#### What the exercise asks:
Your answer should hold every line of the records below that contains the string "than".

Data entries:
★ ★ ★ ★
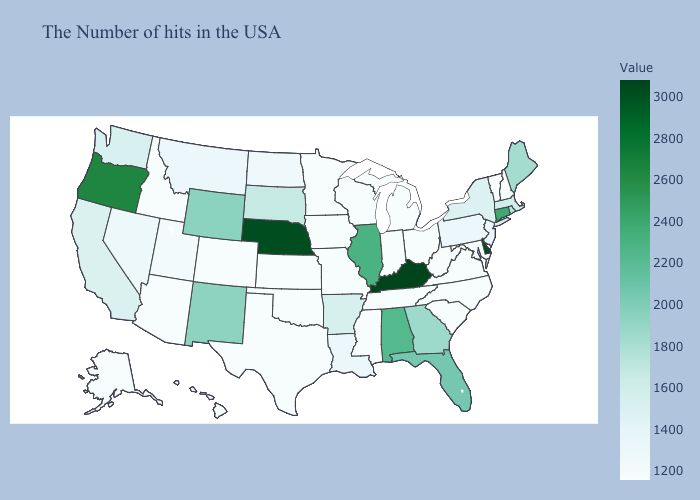Does North Dakota have the highest value in the USA?
Be succinct. No. Does Nevada have the highest value in the USA?
Be succinct. No. Does Arizona have the highest value in the USA?
Be succinct. No. Does Pennsylvania have the lowest value in the Northeast?
Answer briefly. No. Which states have the highest value in the USA?
Write a very short answer. Kentucky. 
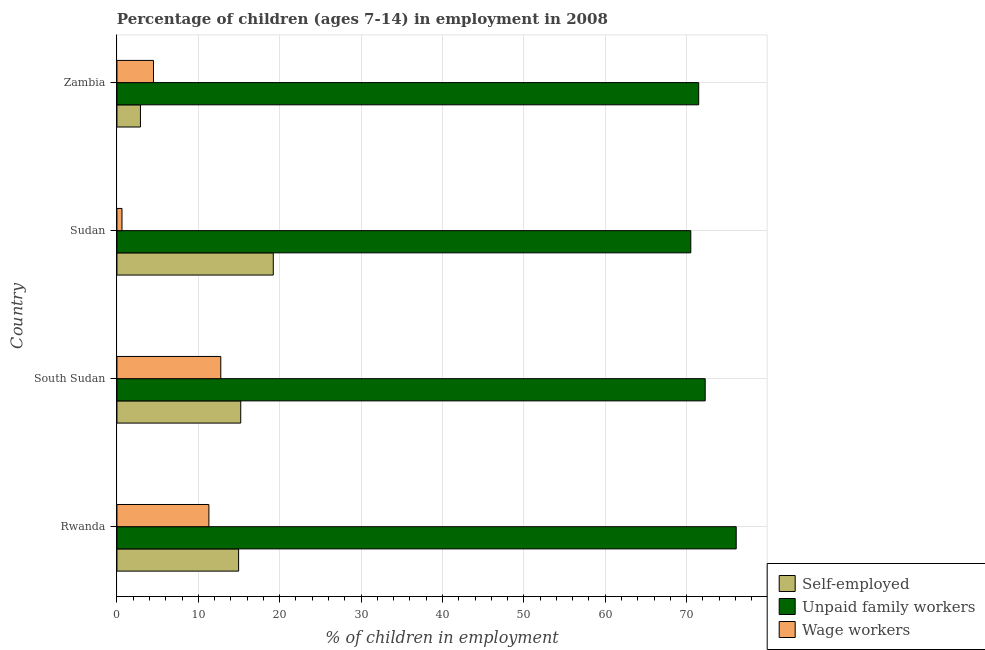Are the number of bars per tick equal to the number of legend labels?
Give a very brief answer. Yes. Are the number of bars on each tick of the Y-axis equal?
Your answer should be very brief. Yes. How many bars are there on the 4th tick from the top?
Ensure brevity in your answer.  3. How many bars are there on the 3rd tick from the bottom?
Your response must be concise. 3. What is the label of the 1st group of bars from the top?
Offer a terse response. Zambia. What is the percentage of self employed children in Zambia?
Make the answer very short. 2.89. Across all countries, what is the maximum percentage of children employed as unpaid family workers?
Your answer should be compact. 76.09. Across all countries, what is the minimum percentage of children employed as unpaid family workers?
Provide a succinct answer. 70.51. In which country was the percentage of children employed as unpaid family workers maximum?
Provide a short and direct response. Rwanda. In which country was the percentage of children employed as unpaid family workers minimum?
Your response must be concise. Sudan. What is the total percentage of self employed children in the graph?
Provide a short and direct response. 52.26. What is the difference between the percentage of children employed as wage workers in Rwanda and that in South Sudan?
Provide a short and direct response. -1.46. What is the difference between the percentage of children employed as wage workers in Rwanda and the percentage of children employed as unpaid family workers in South Sudan?
Ensure brevity in your answer.  -60.98. What is the average percentage of self employed children per country?
Your answer should be compact. 13.06. What is the difference between the percentage of self employed children and percentage of children employed as wage workers in Sudan?
Your answer should be compact. 18.59. What is the ratio of the percentage of children employed as unpaid family workers in Rwanda to that in Sudan?
Ensure brevity in your answer.  1.08. Is the percentage of children employed as wage workers in Rwanda less than that in Sudan?
Provide a short and direct response. No. Is the difference between the percentage of children employed as wage workers in Sudan and Zambia greater than the difference between the percentage of self employed children in Sudan and Zambia?
Provide a succinct answer. No. What is the difference between the highest and the second highest percentage of children employed as wage workers?
Provide a short and direct response. 1.46. What is the difference between the highest and the lowest percentage of children employed as unpaid family workers?
Your answer should be compact. 5.58. Is the sum of the percentage of self employed children in Rwanda and Sudan greater than the maximum percentage of children employed as wage workers across all countries?
Provide a short and direct response. Yes. What does the 1st bar from the top in Zambia represents?
Provide a succinct answer. Wage workers. What does the 3rd bar from the bottom in Rwanda represents?
Give a very brief answer. Wage workers. How many bars are there?
Give a very brief answer. 12. What is the difference between two consecutive major ticks on the X-axis?
Offer a terse response. 10. Are the values on the major ticks of X-axis written in scientific E-notation?
Your response must be concise. No. Does the graph contain any zero values?
Your answer should be compact. No. How many legend labels are there?
Your answer should be very brief. 3. What is the title of the graph?
Offer a very short reply. Percentage of children (ages 7-14) in employment in 2008. Does "Maunufacturing" appear as one of the legend labels in the graph?
Ensure brevity in your answer.  No. What is the label or title of the X-axis?
Provide a short and direct response. % of children in employment. What is the label or title of the Y-axis?
Provide a short and direct response. Country. What is the % of children in employment of Self-employed in Rwanda?
Provide a short and direct response. 14.95. What is the % of children in employment in Unpaid family workers in Rwanda?
Offer a very short reply. 76.09. What is the % of children in employment of Wage workers in Rwanda?
Give a very brief answer. 11.3. What is the % of children in employment in Self-employed in South Sudan?
Provide a short and direct response. 15.21. What is the % of children in employment in Unpaid family workers in South Sudan?
Your answer should be very brief. 72.28. What is the % of children in employment in Wage workers in South Sudan?
Your answer should be very brief. 12.76. What is the % of children in employment in Self-employed in Sudan?
Ensure brevity in your answer.  19.21. What is the % of children in employment of Unpaid family workers in Sudan?
Your response must be concise. 70.51. What is the % of children in employment of Wage workers in Sudan?
Offer a very short reply. 0.62. What is the % of children in employment of Self-employed in Zambia?
Make the answer very short. 2.89. What is the % of children in employment in Unpaid family workers in Zambia?
Offer a terse response. 71.48. What is the % of children in employment in Wage workers in Zambia?
Your answer should be very brief. 4.49. Across all countries, what is the maximum % of children in employment of Self-employed?
Ensure brevity in your answer.  19.21. Across all countries, what is the maximum % of children in employment of Unpaid family workers?
Provide a short and direct response. 76.09. Across all countries, what is the maximum % of children in employment in Wage workers?
Ensure brevity in your answer.  12.76. Across all countries, what is the minimum % of children in employment of Self-employed?
Provide a short and direct response. 2.89. Across all countries, what is the minimum % of children in employment of Unpaid family workers?
Offer a terse response. 70.51. Across all countries, what is the minimum % of children in employment in Wage workers?
Ensure brevity in your answer.  0.62. What is the total % of children in employment of Self-employed in the graph?
Give a very brief answer. 52.26. What is the total % of children in employment in Unpaid family workers in the graph?
Provide a short and direct response. 290.36. What is the total % of children in employment in Wage workers in the graph?
Your answer should be very brief. 29.17. What is the difference between the % of children in employment of Self-employed in Rwanda and that in South Sudan?
Offer a very short reply. -0.26. What is the difference between the % of children in employment of Unpaid family workers in Rwanda and that in South Sudan?
Provide a short and direct response. 3.81. What is the difference between the % of children in employment of Wage workers in Rwanda and that in South Sudan?
Provide a short and direct response. -1.46. What is the difference between the % of children in employment of Self-employed in Rwanda and that in Sudan?
Offer a terse response. -4.26. What is the difference between the % of children in employment of Unpaid family workers in Rwanda and that in Sudan?
Provide a short and direct response. 5.58. What is the difference between the % of children in employment in Wage workers in Rwanda and that in Sudan?
Ensure brevity in your answer.  10.68. What is the difference between the % of children in employment of Self-employed in Rwanda and that in Zambia?
Your answer should be compact. 12.06. What is the difference between the % of children in employment of Unpaid family workers in Rwanda and that in Zambia?
Offer a very short reply. 4.61. What is the difference between the % of children in employment of Wage workers in Rwanda and that in Zambia?
Your answer should be compact. 6.81. What is the difference between the % of children in employment of Self-employed in South Sudan and that in Sudan?
Your answer should be very brief. -4. What is the difference between the % of children in employment of Unpaid family workers in South Sudan and that in Sudan?
Offer a very short reply. 1.77. What is the difference between the % of children in employment of Wage workers in South Sudan and that in Sudan?
Provide a short and direct response. 12.14. What is the difference between the % of children in employment in Self-employed in South Sudan and that in Zambia?
Provide a succinct answer. 12.32. What is the difference between the % of children in employment of Unpaid family workers in South Sudan and that in Zambia?
Offer a terse response. 0.8. What is the difference between the % of children in employment of Wage workers in South Sudan and that in Zambia?
Offer a terse response. 8.27. What is the difference between the % of children in employment of Self-employed in Sudan and that in Zambia?
Ensure brevity in your answer.  16.32. What is the difference between the % of children in employment of Unpaid family workers in Sudan and that in Zambia?
Offer a terse response. -0.97. What is the difference between the % of children in employment in Wage workers in Sudan and that in Zambia?
Ensure brevity in your answer.  -3.87. What is the difference between the % of children in employment of Self-employed in Rwanda and the % of children in employment of Unpaid family workers in South Sudan?
Make the answer very short. -57.33. What is the difference between the % of children in employment of Self-employed in Rwanda and the % of children in employment of Wage workers in South Sudan?
Ensure brevity in your answer.  2.19. What is the difference between the % of children in employment in Unpaid family workers in Rwanda and the % of children in employment in Wage workers in South Sudan?
Your answer should be compact. 63.33. What is the difference between the % of children in employment in Self-employed in Rwanda and the % of children in employment in Unpaid family workers in Sudan?
Your answer should be very brief. -55.56. What is the difference between the % of children in employment of Self-employed in Rwanda and the % of children in employment of Wage workers in Sudan?
Provide a succinct answer. 14.33. What is the difference between the % of children in employment of Unpaid family workers in Rwanda and the % of children in employment of Wage workers in Sudan?
Offer a very short reply. 75.47. What is the difference between the % of children in employment of Self-employed in Rwanda and the % of children in employment of Unpaid family workers in Zambia?
Offer a terse response. -56.53. What is the difference between the % of children in employment in Self-employed in Rwanda and the % of children in employment in Wage workers in Zambia?
Your answer should be very brief. 10.46. What is the difference between the % of children in employment in Unpaid family workers in Rwanda and the % of children in employment in Wage workers in Zambia?
Your answer should be compact. 71.6. What is the difference between the % of children in employment of Self-employed in South Sudan and the % of children in employment of Unpaid family workers in Sudan?
Make the answer very short. -55.3. What is the difference between the % of children in employment in Self-employed in South Sudan and the % of children in employment in Wage workers in Sudan?
Make the answer very short. 14.59. What is the difference between the % of children in employment of Unpaid family workers in South Sudan and the % of children in employment of Wage workers in Sudan?
Provide a short and direct response. 71.66. What is the difference between the % of children in employment of Self-employed in South Sudan and the % of children in employment of Unpaid family workers in Zambia?
Provide a short and direct response. -56.27. What is the difference between the % of children in employment in Self-employed in South Sudan and the % of children in employment in Wage workers in Zambia?
Ensure brevity in your answer.  10.72. What is the difference between the % of children in employment of Unpaid family workers in South Sudan and the % of children in employment of Wage workers in Zambia?
Your response must be concise. 67.79. What is the difference between the % of children in employment in Self-employed in Sudan and the % of children in employment in Unpaid family workers in Zambia?
Offer a very short reply. -52.27. What is the difference between the % of children in employment in Self-employed in Sudan and the % of children in employment in Wage workers in Zambia?
Provide a succinct answer. 14.72. What is the difference between the % of children in employment of Unpaid family workers in Sudan and the % of children in employment of Wage workers in Zambia?
Provide a succinct answer. 66.02. What is the average % of children in employment of Self-employed per country?
Provide a short and direct response. 13.06. What is the average % of children in employment of Unpaid family workers per country?
Your answer should be very brief. 72.59. What is the average % of children in employment in Wage workers per country?
Make the answer very short. 7.29. What is the difference between the % of children in employment in Self-employed and % of children in employment in Unpaid family workers in Rwanda?
Provide a succinct answer. -61.14. What is the difference between the % of children in employment in Self-employed and % of children in employment in Wage workers in Rwanda?
Your answer should be very brief. 3.65. What is the difference between the % of children in employment of Unpaid family workers and % of children in employment of Wage workers in Rwanda?
Offer a very short reply. 64.79. What is the difference between the % of children in employment of Self-employed and % of children in employment of Unpaid family workers in South Sudan?
Keep it short and to the point. -57.07. What is the difference between the % of children in employment of Self-employed and % of children in employment of Wage workers in South Sudan?
Your answer should be very brief. 2.45. What is the difference between the % of children in employment of Unpaid family workers and % of children in employment of Wage workers in South Sudan?
Make the answer very short. 59.52. What is the difference between the % of children in employment of Self-employed and % of children in employment of Unpaid family workers in Sudan?
Your answer should be very brief. -51.3. What is the difference between the % of children in employment of Self-employed and % of children in employment of Wage workers in Sudan?
Your answer should be compact. 18.59. What is the difference between the % of children in employment in Unpaid family workers and % of children in employment in Wage workers in Sudan?
Give a very brief answer. 69.89. What is the difference between the % of children in employment of Self-employed and % of children in employment of Unpaid family workers in Zambia?
Ensure brevity in your answer.  -68.59. What is the difference between the % of children in employment in Unpaid family workers and % of children in employment in Wage workers in Zambia?
Your response must be concise. 66.99. What is the ratio of the % of children in employment of Self-employed in Rwanda to that in South Sudan?
Keep it short and to the point. 0.98. What is the ratio of the % of children in employment in Unpaid family workers in Rwanda to that in South Sudan?
Offer a very short reply. 1.05. What is the ratio of the % of children in employment of Wage workers in Rwanda to that in South Sudan?
Ensure brevity in your answer.  0.89. What is the ratio of the % of children in employment of Self-employed in Rwanda to that in Sudan?
Ensure brevity in your answer.  0.78. What is the ratio of the % of children in employment in Unpaid family workers in Rwanda to that in Sudan?
Keep it short and to the point. 1.08. What is the ratio of the % of children in employment in Wage workers in Rwanda to that in Sudan?
Offer a very short reply. 18.23. What is the ratio of the % of children in employment of Self-employed in Rwanda to that in Zambia?
Provide a succinct answer. 5.17. What is the ratio of the % of children in employment of Unpaid family workers in Rwanda to that in Zambia?
Provide a short and direct response. 1.06. What is the ratio of the % of children in employment of Wage workers in Rwanda to that in Zambia?
Ensure brevity in your answer.  2.52. What is the ratio of the % of children in employment in Self-employed in South Sudan to that in Sudan?
Make the answer very short. 0.79. What is the ratio of the % of children in employment in Unpaid family workers in South Sudan to that in Sudan?
Offer a terse response. 1.03. What is the ratio of the % of children in employment of Wage workers in South Sudan to that in Sudan?
Ensure brevity in your answer.  20.58. What is the ratio of the % of children in employment in Self-employed in South Sudan to that in Zambia?
Make the answer very short. 5.26. What is the ratio of the % of children in employment of Unpaid family workers in South Sudan to that in Zambia?
Your answer should be very brief. 1.01. What is the ratio of the % of children in employment in Wage workers in South Sudan to that in Zambia?
Your answer should be compact. 2.84. What is the ratio of the % of children in employment of Self-employed in Sudan to that in Zambia?
Your answer should be compact. 6.65. What is the ratio of the % of children in employment of Unpaid family workers in Sudan to that in Zambia?
Provide a succinct answer. 0.99. What is the ratio of the % of children in employment of Wage workers in Sudan to that in Zambia?
Keep it short and to the point. 0.14. What is the difference between the highest and the second highest % of children in employment of Self-employed?
Provide a succinct answer. 4. What is the difference between the highest and the second highest % of children in employment of Unpaid family workers?
Your answer should be compact. 3.81. What is the difference between the highest and the second highest % of children in employment of Wage workers?
Your answer should be very brief. 1.46. What is the difference between the highest and the lowest % of children in employment of Self-employed?
Keep it short and to the point. 16.32. What is the difference between the highest and the lowest % of children in employment in Unpaid family workers?
Your answer should be compact. 5.58. What is the difference between the highest and the lowest % of children in employment of Wage workers?
Provide a short and direct response. 12.14.
★ ★ ★ ★
#### Answer to this problem:
Ensure brevity in your answer.  1.08. Is the percentage of children employed as wage workers in Rwanda less than that in Sudan?
Provide a short and direct response. No. Is the difference between the percentage of children employed as wage workers in Sudan and Zambia greater than the difference between the percentage of self employed children in Sudan and Zambia?
Your answer should be compact. 5.58. Is the sum of the percentage of self employed children in Rwanda and Sudan greater than the maximum percentage of children employed as wage workers across all countries?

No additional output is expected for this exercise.